An anomaly detection and forecasting API. Get started quickly with state-of-the-art algorithms.

Installation

Docker

An image is available on Docker Hub. Run:

docker run -ti -p=8000:8000 ankane/trend

Non-Docker

Download the latest code

git clone https://github.com/ankane/trend-api.git
cd trend-api

Install Jetpack and run:

Rscript -e 'jetpack::install()'

And start the server

Rscript server.R

Anomaly Detection

Detect anomalies in a time series.

  • Works with dates and times
  • Accounts for seasonality and trend
  • Robust to missing values

The current version uses STL with multiple seasonal components for decomposition.

POST /anomalies HTTP/1.1
Host: trendapi.org
Content-Type: application/json

{
  "series": {
    "2018-01-01": 150,
    "2018-01-02": 125,
    "2018-01-03": 133
  }
}

Returns JSON structured like this:

{
  "anomalies": [
    "2018-01-10",
    "2018-01-13"
  ]
}

Forecasting

Get future predictions for a time series.
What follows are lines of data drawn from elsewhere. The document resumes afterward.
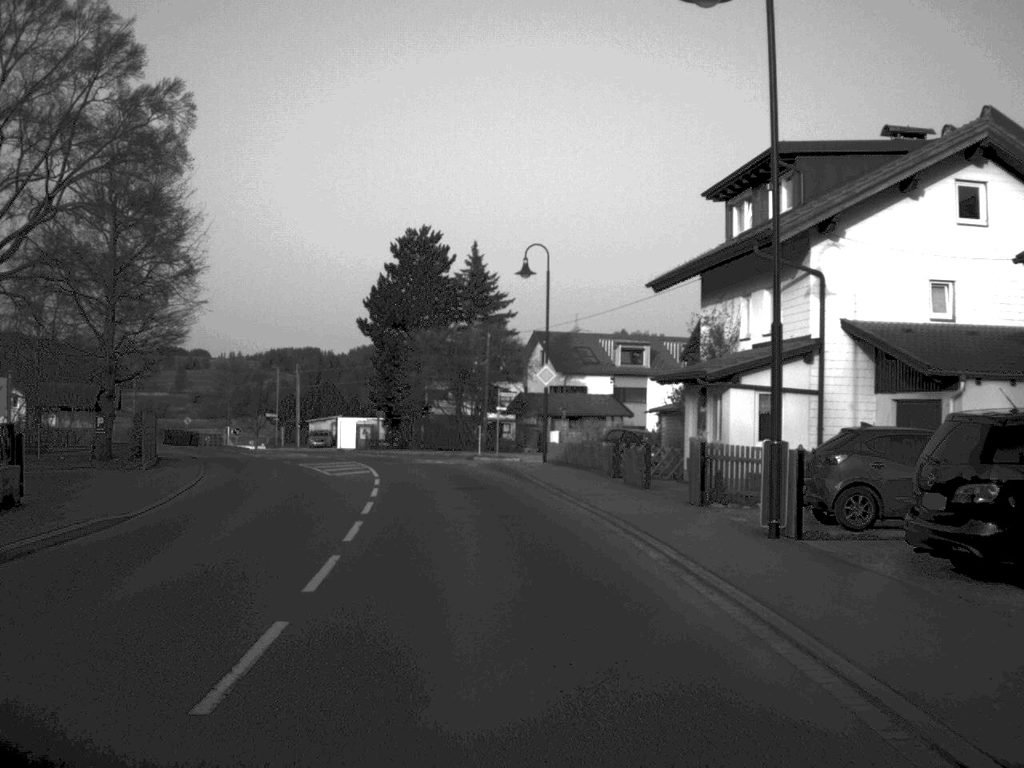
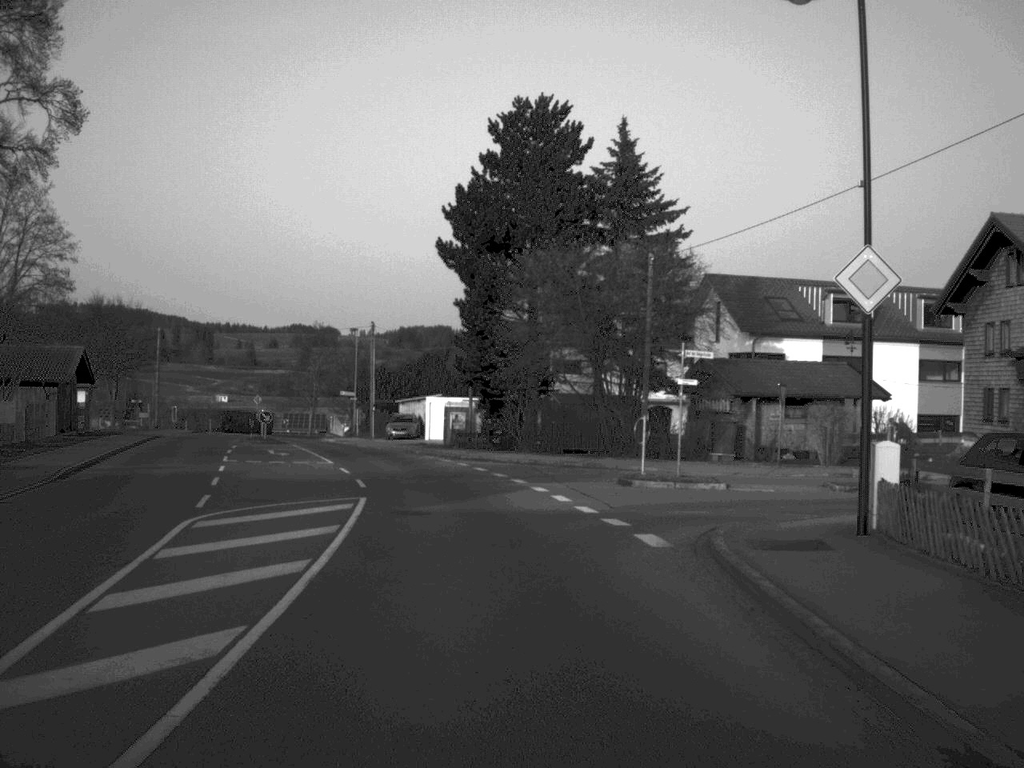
(-1.5, +29.2) m; -6°
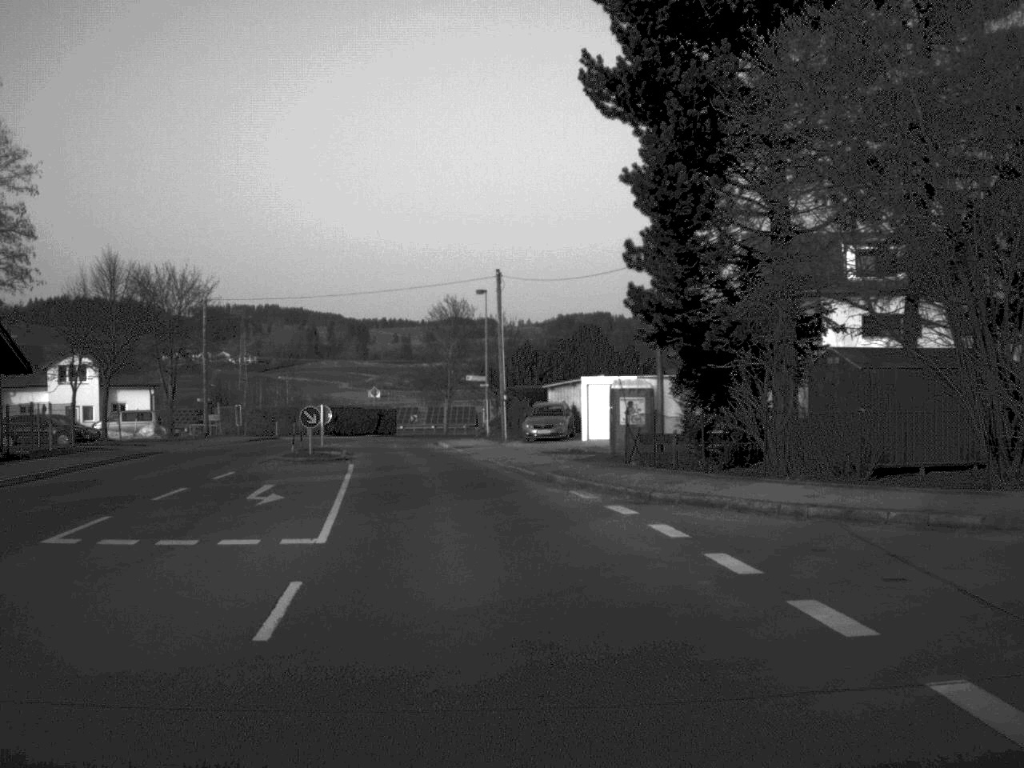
(-1.5, +24.1) m; -7°
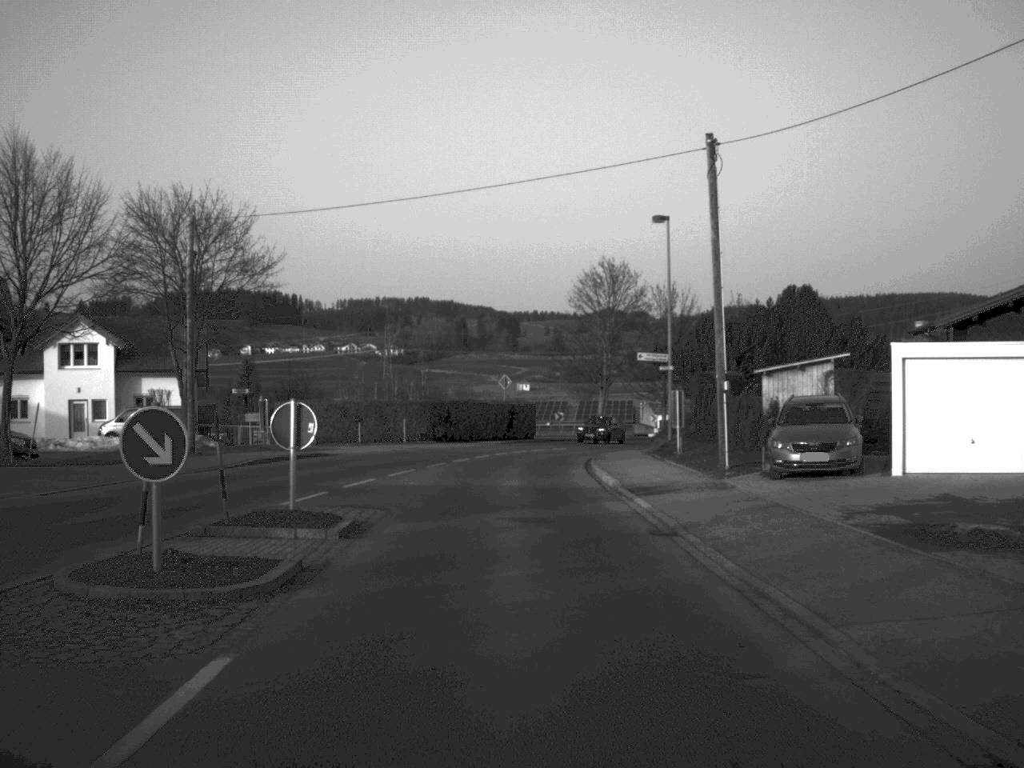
(-1.6, +25.6) m; -7°
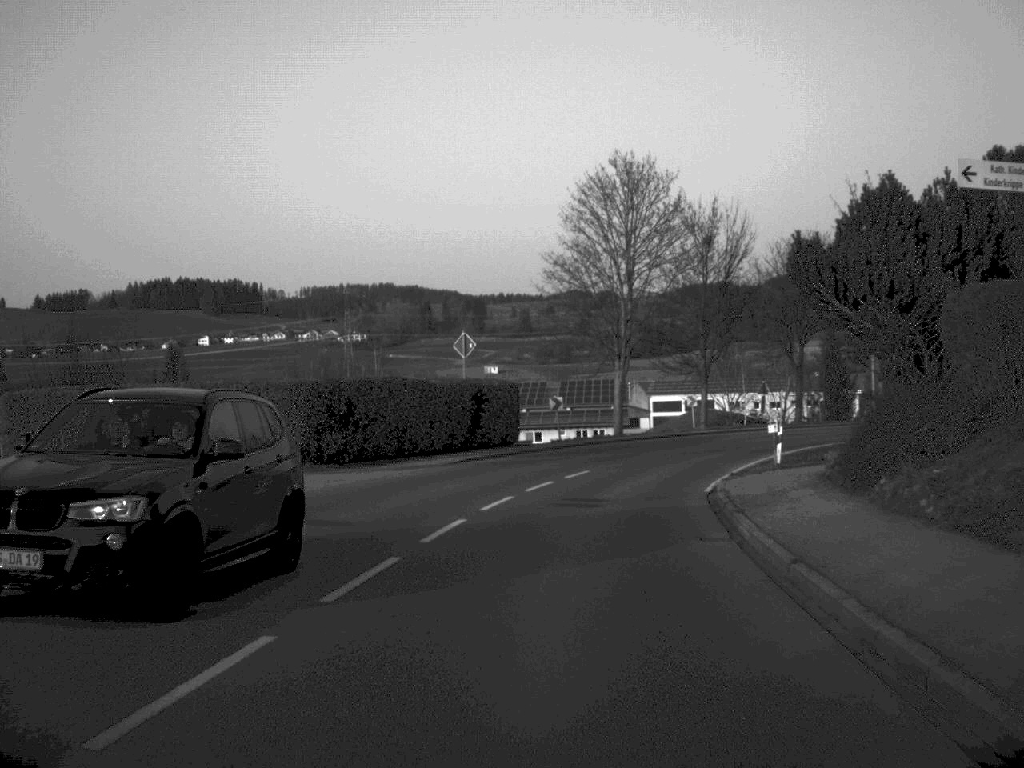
(-0.3, +31.9) m; +2°
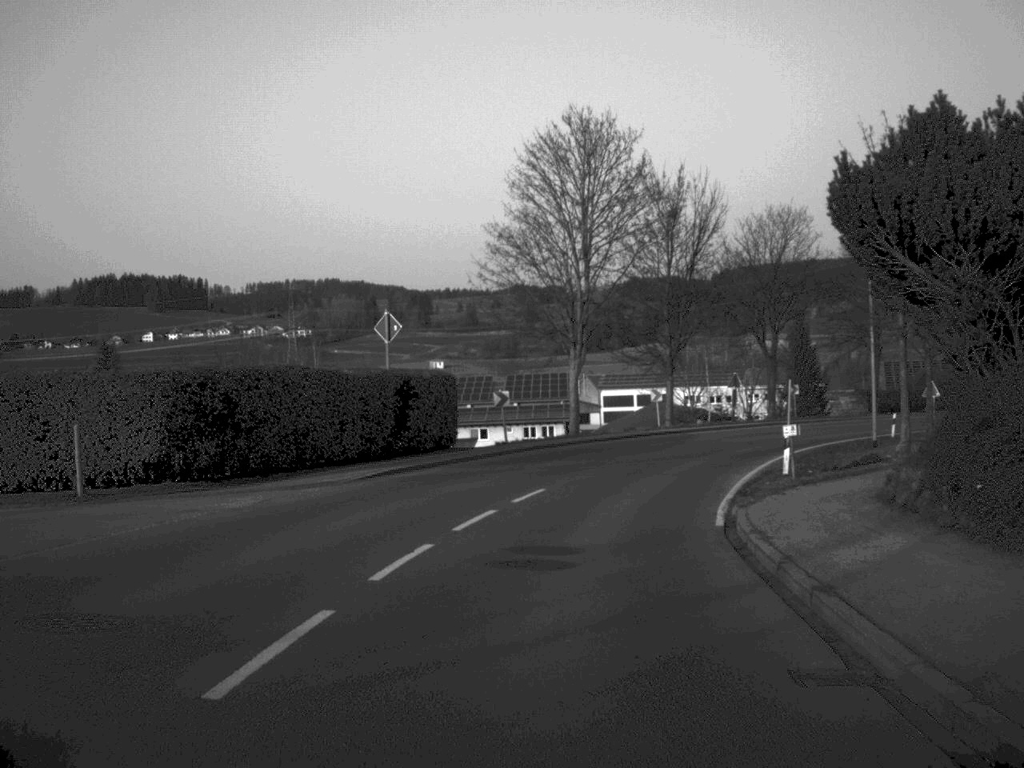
(+0.2, +7.7) m; +2°
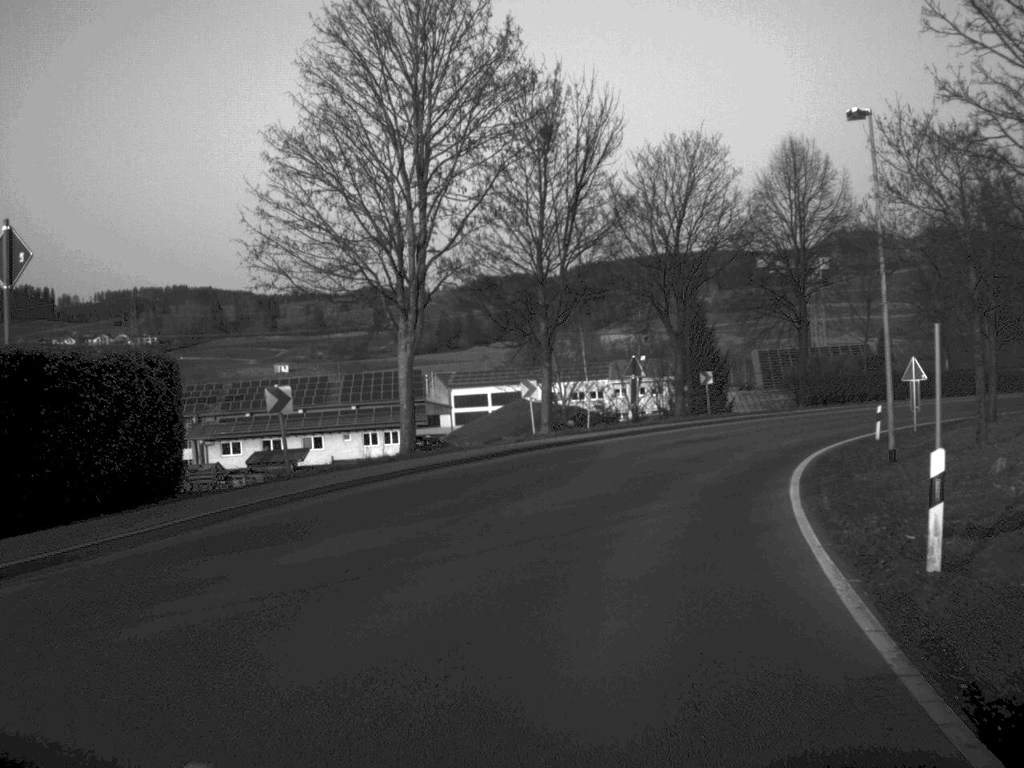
(+0.9, +17.3) m; +7°
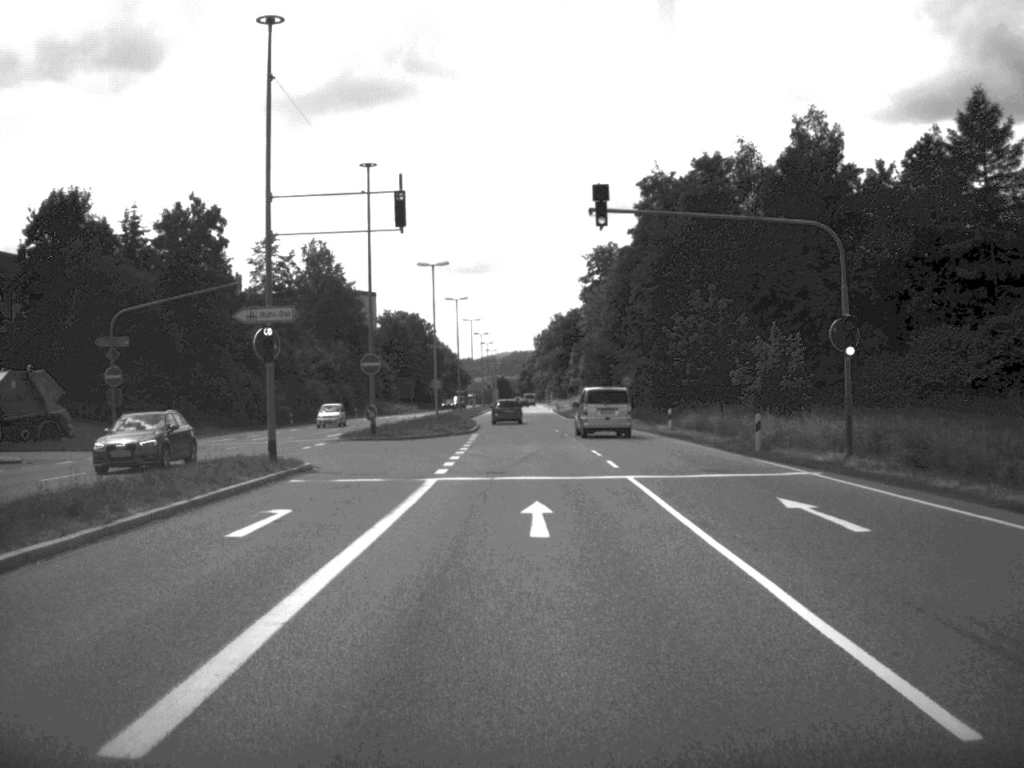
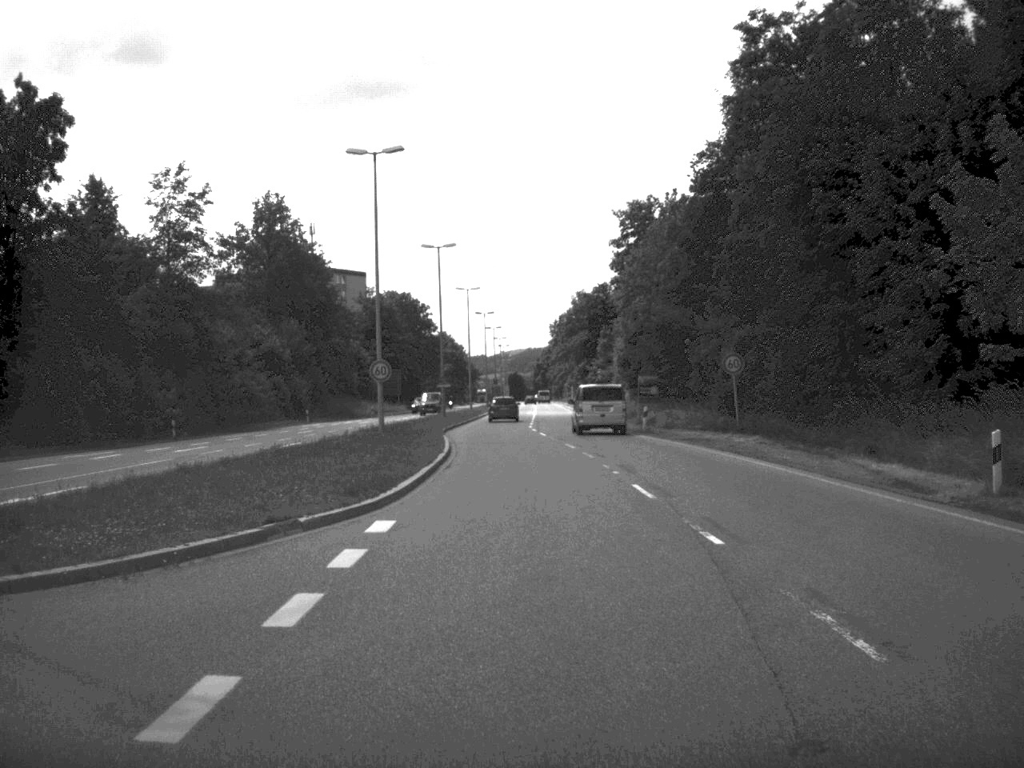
(-0.3, +37.9) m; -1°
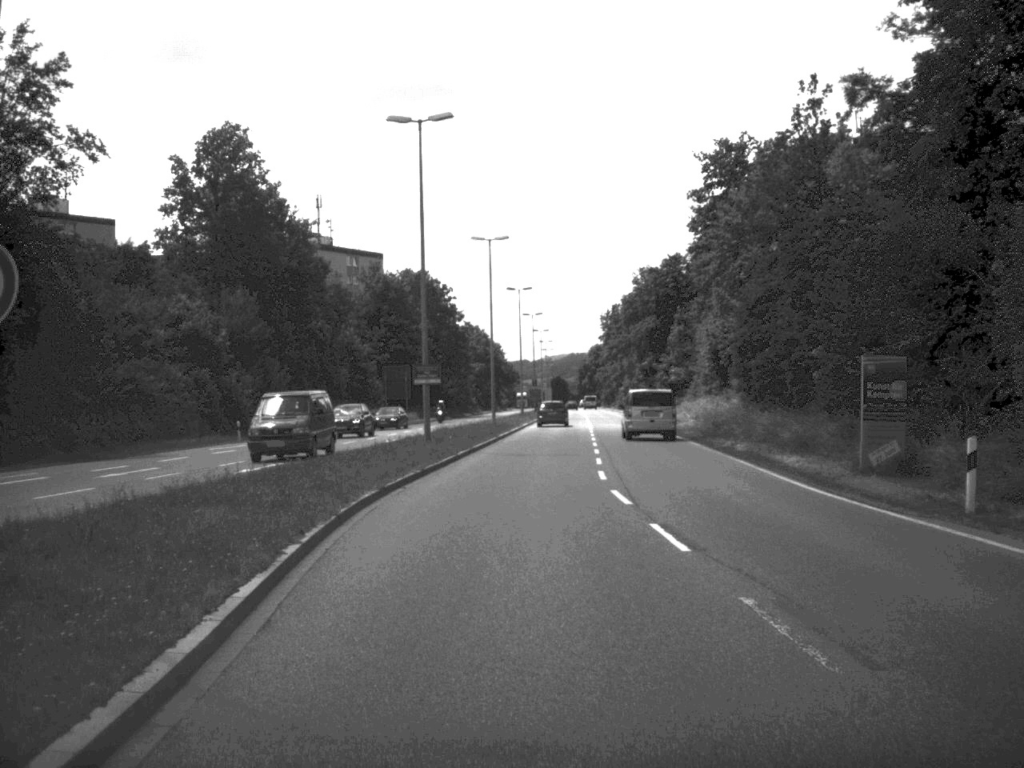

  • Works with dates and times
  • Accounts for seasonality and trend
  • Robust to missing values
  • No need to remove outliers beforehand

The current version uses TBATS for predictions.

POST /forecast HTTP/1.1
Host: trendapi.org
Content-Type: application/json

{
  "series": {
    "2018-01-01": 150,
    "2018-01-02": 125,
    "2018-01-03": 133
  },
  "count": 3
}

Returns JSON structured like this:

{
  "forecast": {
    "2018-03-01": 137.5,
    "2018-03-02": 122.9,
    "2018-03-03": 144.1
  }
}

If you get a flat or linear forecast, this is expected. It means no seasonality is detected in the series.

Correlation (Experimental)

Get the correlation between two time series.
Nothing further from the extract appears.